----- Source records -----

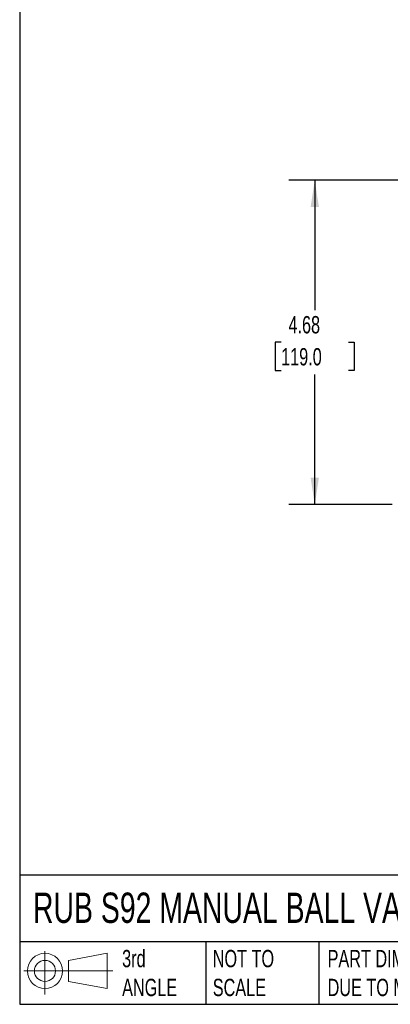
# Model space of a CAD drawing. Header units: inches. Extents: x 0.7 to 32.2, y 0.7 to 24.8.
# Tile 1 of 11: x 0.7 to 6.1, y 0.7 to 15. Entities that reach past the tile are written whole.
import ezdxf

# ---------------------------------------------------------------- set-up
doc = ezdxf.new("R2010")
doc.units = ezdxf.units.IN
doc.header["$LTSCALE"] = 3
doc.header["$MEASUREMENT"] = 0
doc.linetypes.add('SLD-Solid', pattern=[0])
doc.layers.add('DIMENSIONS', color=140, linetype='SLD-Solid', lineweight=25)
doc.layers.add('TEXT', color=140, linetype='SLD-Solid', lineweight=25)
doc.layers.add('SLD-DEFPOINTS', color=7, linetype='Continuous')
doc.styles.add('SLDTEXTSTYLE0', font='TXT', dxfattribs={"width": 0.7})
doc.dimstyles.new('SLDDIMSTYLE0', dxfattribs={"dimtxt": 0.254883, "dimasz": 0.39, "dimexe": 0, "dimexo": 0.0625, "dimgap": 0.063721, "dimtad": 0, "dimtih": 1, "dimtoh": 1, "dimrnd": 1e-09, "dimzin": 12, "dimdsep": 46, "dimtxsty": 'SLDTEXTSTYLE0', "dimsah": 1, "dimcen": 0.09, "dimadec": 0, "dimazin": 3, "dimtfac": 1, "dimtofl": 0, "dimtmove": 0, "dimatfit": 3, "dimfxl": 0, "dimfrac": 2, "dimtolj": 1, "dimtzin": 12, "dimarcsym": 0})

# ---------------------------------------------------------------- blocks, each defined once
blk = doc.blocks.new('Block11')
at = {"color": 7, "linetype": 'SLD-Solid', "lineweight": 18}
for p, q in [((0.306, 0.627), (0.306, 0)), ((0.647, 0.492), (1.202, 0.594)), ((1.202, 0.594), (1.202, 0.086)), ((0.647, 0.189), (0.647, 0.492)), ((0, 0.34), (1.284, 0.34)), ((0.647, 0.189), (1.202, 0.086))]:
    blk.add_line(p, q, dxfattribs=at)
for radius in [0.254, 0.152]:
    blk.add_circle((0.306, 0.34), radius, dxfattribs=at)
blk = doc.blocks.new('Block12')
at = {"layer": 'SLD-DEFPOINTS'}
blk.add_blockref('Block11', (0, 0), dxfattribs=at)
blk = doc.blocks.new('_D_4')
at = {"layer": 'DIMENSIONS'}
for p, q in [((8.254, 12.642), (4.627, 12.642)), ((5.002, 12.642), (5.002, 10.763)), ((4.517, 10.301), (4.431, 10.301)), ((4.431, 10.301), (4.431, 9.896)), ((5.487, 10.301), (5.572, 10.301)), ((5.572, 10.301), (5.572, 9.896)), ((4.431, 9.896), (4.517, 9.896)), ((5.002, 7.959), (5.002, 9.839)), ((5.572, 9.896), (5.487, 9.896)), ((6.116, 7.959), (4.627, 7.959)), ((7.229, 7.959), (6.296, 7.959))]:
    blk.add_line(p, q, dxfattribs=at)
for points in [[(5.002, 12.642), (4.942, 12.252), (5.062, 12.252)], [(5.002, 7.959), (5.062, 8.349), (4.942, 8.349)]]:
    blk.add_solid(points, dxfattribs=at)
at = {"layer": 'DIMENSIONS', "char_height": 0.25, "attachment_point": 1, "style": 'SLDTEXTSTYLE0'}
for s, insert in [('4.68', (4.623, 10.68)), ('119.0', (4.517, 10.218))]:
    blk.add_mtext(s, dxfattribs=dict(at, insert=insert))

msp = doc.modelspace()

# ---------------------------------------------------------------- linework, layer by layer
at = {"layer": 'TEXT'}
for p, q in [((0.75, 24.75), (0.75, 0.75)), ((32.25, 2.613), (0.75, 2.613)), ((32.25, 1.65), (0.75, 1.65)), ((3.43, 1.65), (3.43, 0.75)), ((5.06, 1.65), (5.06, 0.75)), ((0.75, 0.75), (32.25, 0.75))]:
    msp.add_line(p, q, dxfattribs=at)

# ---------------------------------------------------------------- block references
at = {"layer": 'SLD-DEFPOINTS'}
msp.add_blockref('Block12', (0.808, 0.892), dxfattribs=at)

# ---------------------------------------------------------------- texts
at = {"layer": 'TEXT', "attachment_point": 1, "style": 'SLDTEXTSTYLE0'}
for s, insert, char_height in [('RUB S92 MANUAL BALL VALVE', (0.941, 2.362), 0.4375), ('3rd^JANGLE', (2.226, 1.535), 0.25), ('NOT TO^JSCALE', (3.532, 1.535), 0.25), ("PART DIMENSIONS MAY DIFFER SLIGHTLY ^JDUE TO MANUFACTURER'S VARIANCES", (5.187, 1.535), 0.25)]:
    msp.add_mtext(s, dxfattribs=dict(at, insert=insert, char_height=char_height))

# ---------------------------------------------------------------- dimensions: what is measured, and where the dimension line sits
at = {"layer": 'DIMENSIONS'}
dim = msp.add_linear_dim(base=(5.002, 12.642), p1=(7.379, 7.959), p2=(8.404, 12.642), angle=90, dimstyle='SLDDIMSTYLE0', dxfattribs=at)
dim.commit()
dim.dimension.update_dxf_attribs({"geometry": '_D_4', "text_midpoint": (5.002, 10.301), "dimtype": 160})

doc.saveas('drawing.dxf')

-----

● Your assignment:
Write out the whole listing verbatim, images excluded.

● Task response:
# Model space of a CAD drawing. Header units: inches. Extents: x 0.7 to 32.2, y 0.7 to 24.8.
# Tile 1 of 11: x 0.7 to 6.1, y 0.7 to 15. Entities that reach past the tile are written whole.
import ezdxf

# ---------------------------------------------------------------- set-up
doc = ezdxf.new("R2010")
doc.units = ezdxf.units.IN
doc.header["$LTSCALE"] = 3
doc.header["$MEASUREMENT"] = 0
doc.linetypes.add('SLD-Solid', pattern=[0])
doc.layers.add('DIMENSIONS', color=140, linetype='SLD-Solid', lineweight=25)
doc.layers.add('TEXT', color=140, linetype='SLD-Solid', lineweight=25)
doc.layers.add('SLD-DEFPOINTS', color=7, linetype='Continuous')
doc.styles.add('SLDTEXTSTYLE0', font='TXT', dxfattribs={"width": 0.7})
doc.dimstyles.new('SLDDIMSTYLE0', dxfattribs={"dimtxt": 0.254883, "dimasz": 0.39, "dimexe": 0, "dimexo": 0.0625, "dimgap": 0.063721, "dimtad": 0, "dimtih": 1, "dimtoh": 1, "dimrnd": 1e-09, "dimzin": 12, "dimdsep": 46, "dimtxsty": 'SLDTEXTSTYLE0', "dimsah": 1, "dimcen": 0.09, "dimadec": 0, "dimazin": 3, "dimtfac": 1, "dimtofl": 0, "dimtmove": 0, "dimatfit": 3, "dimfxl": 0, "dimfrac": 2, "dimtolj": 1, "dimtzin": 12, "dimarcsym": 0})

# ---------------------------------------------------------------- blocks, each defined once
blk = doc.blocks.new('Block11')
at = {"color": 7, "linetype": 'SLD-Solid', "lineweight": 18}
for p, q in [((0.306, 0.627), (0.306, 0)), ((0.647, 0.492), (1.202, 0.594)), ((1.202, 0.594), (1.202, 0.086)), ((0.647, 0.189), (0.647, 0.492)), ((0, 0.34), (1.284, 0.34)), ((0.647, 0.189), (1.202, 0.086))]:
    blk.add_line(p, q, dxfattribs=at)
for radius in [0.254, 0.152]:
    blk.add_circle((0.306, 0.34), radius, dxfattribs=at)
blk = doc.blocks.new('Block12')
at = {"layer": 'SLD-DEFPOINTS'}
blk.add_blockref('Block11', (0, 0), dxfattribs=at)
blk = doc.blocks.new('_D_4')
at = {"layer": 'DIMENSIONS'}
for p, q in [((8.254, 12.642), (4.627, 12.642)), ((5.002, 12.642), (5.002, 10.763)), ((4.517, 10.301), (4.431, 10.301)), ((4.431, 10.301), (4.431, 9.896)), ((5.487, 10.301), (5.572, 10.301)), ((5.572, 10.301), (5.572, 9.896)), ((4.431, 9.896), (4.517, 9.896)), ((5.002, 7.959), (5.002, 9.839)), ((5.572, 9.896), (5.487, 9.896)), ((6.116, 7.959), (4.627, 7.959)), ((7.229, 7.959), (6.296, 7.959))]:
    blk.add_line(p, q, dxfattribs=at)
for points in [[(5.002, 12.642), (4.942, 12.252), (5.062, 12.252)], [(5.002, 7.959), (5.062, 8.349), (4.942, 8.349)]]:
    blk.add_solid(points, dxfattribs=at)
at = {"layer": 'DIMENSIONS', "char_height": 0.25, "attachment_point": 1, "style": 'SLDTEXTSTYLE0'}
for s, insert in [('4.68', (4.623, 10.68)), ('119.0', (4.517, 10.218))]:
    blk.add_mtext(s, dxfattribs=dict(at, insert=insert))

msp = doc.modelspace()

# ---------------------------------------------------------------- linework, layer by layer
at = {"layer": 'TEXT'}
for p, q in [((0.75, 24.75), (0.75, 0.75)), ((32.25, 2.613), (0.75, 2.613)), ((32.25, 1.65), (0.75, 1.65)), ((3.43, 1.65), (3.43, 0.75)), ((5.06, 1.65), (5.06, 0.75)), ((0.75, 0.75), (32.25, 0.75))]:
    msp.add_line(p, q, dxfattribs=at)

# ---------------------------------------------------------------- block references
at = {"layer": 'SLD-DEFPOINTS'}
msp.add_blockref('Block12', (0.808, 0.892), dxfattribs=at)

# ---------------------------------------------------------------- texts
at = {"layer": 'TEXT', "attachment_point": 1, "style": 'SLDTEXTSTYLE0'}
for s, insert, char_height in [('RUB S92 MANUAL BALL VALVE', (0.941, 2.362), 0.4375), ('3rd^JANGLE', (2.226, 1.535), 0.25), ('NOT TO^JSCALE', (3.532, 1.535), 0.25), ("PART DIMENSIONS MAY DIFFER SLIGHTLY ^JDUE TO MANUFACTURER'S VARIANCES", (5.187, 1.535), 0.25)]:
    msp.add_mtext(s, dxfattribs=dict(at, insert=insert, char_height=char_height))

# ---------------------------------------------------------------- dimensions: what is measured, and where the dimension line sits
at = {"layer": 'DIMENSIONS'}
dim = msp.add_linear_dim(base=(5.002, 12.642), p1=(7.379, 7.959), p2=(8.404, 12.642), angle=90, dimstyle='SLDDIMSTYLE0', dxfattribs=at)
dim.commit()
dim.dimension.update_dxf_attribs({"geometry": '_D_4', "text_midpoint": (5.002, 10.301), "dimtype": 160})

doc.saveas('drawing.dxf')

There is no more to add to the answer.